Collected data entries

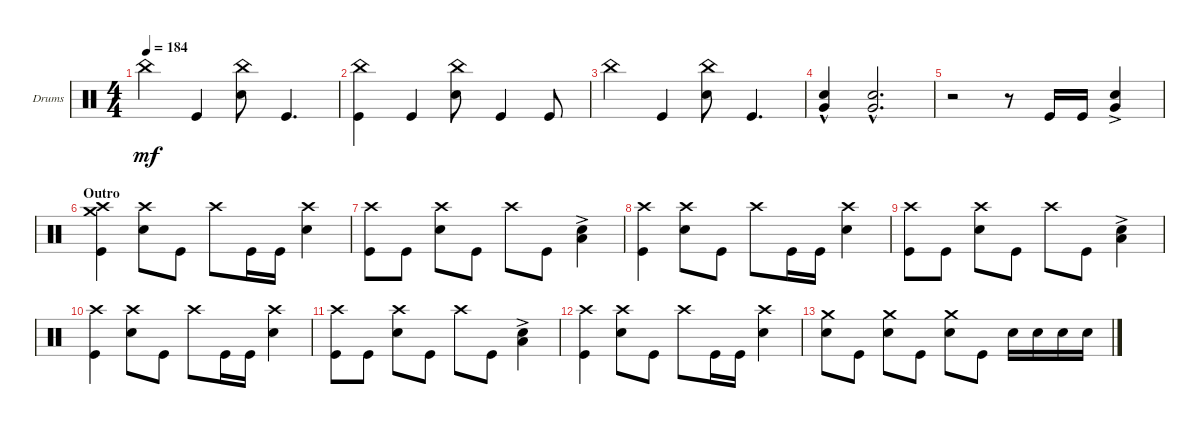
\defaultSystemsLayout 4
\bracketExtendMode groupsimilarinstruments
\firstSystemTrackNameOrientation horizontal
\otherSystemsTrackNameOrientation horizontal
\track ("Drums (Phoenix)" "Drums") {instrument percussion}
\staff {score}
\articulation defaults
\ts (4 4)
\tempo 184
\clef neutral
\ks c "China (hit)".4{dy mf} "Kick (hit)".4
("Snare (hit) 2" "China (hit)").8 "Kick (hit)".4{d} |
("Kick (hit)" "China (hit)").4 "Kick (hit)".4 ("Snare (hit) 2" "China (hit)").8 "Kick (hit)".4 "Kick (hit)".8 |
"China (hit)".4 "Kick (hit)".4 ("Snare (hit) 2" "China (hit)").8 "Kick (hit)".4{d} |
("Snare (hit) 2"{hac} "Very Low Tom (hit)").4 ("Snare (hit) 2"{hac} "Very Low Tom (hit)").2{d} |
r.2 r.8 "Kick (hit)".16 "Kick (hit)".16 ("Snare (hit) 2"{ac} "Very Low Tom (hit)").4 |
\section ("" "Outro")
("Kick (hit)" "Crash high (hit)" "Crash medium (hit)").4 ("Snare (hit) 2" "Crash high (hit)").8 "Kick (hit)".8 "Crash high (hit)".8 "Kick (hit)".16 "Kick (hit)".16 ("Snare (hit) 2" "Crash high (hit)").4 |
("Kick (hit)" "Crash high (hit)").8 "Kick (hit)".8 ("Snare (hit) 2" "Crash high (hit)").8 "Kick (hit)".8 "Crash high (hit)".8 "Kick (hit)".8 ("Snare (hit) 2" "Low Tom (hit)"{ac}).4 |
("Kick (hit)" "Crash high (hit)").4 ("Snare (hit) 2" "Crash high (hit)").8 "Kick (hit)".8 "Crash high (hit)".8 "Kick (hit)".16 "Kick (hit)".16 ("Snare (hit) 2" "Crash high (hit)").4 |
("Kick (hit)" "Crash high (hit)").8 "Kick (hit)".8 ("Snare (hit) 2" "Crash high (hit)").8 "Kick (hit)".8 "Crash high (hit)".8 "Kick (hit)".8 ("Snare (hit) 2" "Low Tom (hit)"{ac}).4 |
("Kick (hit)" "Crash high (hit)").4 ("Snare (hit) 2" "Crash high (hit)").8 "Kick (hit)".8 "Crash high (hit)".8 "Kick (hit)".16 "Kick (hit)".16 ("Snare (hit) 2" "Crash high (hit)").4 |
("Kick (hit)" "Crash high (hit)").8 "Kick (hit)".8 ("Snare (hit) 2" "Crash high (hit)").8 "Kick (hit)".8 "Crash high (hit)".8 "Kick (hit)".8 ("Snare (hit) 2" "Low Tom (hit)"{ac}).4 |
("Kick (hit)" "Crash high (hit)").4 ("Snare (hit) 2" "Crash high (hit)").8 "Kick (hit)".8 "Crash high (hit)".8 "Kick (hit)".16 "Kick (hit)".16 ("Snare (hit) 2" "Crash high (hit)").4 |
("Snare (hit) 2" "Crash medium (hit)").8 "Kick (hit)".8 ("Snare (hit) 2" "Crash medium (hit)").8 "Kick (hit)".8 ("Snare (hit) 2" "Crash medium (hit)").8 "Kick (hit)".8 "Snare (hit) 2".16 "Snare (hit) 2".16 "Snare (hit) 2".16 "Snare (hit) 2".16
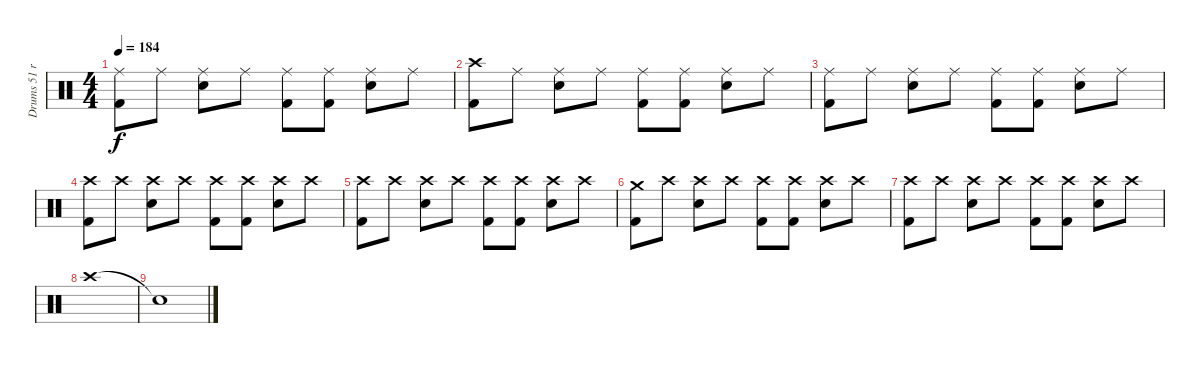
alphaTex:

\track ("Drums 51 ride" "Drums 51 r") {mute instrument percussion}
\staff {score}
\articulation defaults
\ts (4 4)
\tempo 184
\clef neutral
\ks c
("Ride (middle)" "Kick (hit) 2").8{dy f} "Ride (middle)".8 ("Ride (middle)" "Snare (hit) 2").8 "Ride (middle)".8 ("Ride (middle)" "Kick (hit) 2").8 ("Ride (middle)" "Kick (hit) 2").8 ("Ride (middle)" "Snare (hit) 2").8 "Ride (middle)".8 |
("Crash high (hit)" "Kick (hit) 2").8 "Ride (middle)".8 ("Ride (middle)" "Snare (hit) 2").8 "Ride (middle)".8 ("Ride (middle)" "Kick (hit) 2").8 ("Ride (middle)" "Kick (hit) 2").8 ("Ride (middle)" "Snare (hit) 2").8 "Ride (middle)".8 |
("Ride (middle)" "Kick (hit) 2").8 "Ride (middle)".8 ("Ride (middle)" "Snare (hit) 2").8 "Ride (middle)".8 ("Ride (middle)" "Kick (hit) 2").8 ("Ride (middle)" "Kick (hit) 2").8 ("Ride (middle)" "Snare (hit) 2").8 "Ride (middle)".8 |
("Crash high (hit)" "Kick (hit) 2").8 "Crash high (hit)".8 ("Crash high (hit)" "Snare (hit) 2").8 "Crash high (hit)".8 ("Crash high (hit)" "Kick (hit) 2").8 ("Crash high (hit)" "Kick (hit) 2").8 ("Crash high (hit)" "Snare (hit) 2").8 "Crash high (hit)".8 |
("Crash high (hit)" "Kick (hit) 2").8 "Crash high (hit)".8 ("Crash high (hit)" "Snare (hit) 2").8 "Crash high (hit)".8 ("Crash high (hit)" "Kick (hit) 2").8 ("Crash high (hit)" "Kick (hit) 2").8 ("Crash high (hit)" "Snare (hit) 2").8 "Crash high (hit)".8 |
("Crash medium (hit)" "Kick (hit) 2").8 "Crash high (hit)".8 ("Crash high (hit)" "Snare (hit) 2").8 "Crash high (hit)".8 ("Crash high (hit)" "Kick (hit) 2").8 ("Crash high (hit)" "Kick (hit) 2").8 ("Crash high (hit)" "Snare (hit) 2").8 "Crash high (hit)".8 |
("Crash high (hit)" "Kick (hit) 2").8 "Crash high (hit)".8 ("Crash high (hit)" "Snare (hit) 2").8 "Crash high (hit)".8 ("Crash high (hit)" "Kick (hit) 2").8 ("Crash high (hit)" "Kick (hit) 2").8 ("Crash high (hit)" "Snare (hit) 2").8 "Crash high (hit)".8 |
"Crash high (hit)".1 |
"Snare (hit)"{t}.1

Task requirements>
Wherever a line in the records above includes "Very", count it, then give the total and nothing besides.

Output for this exercise>
2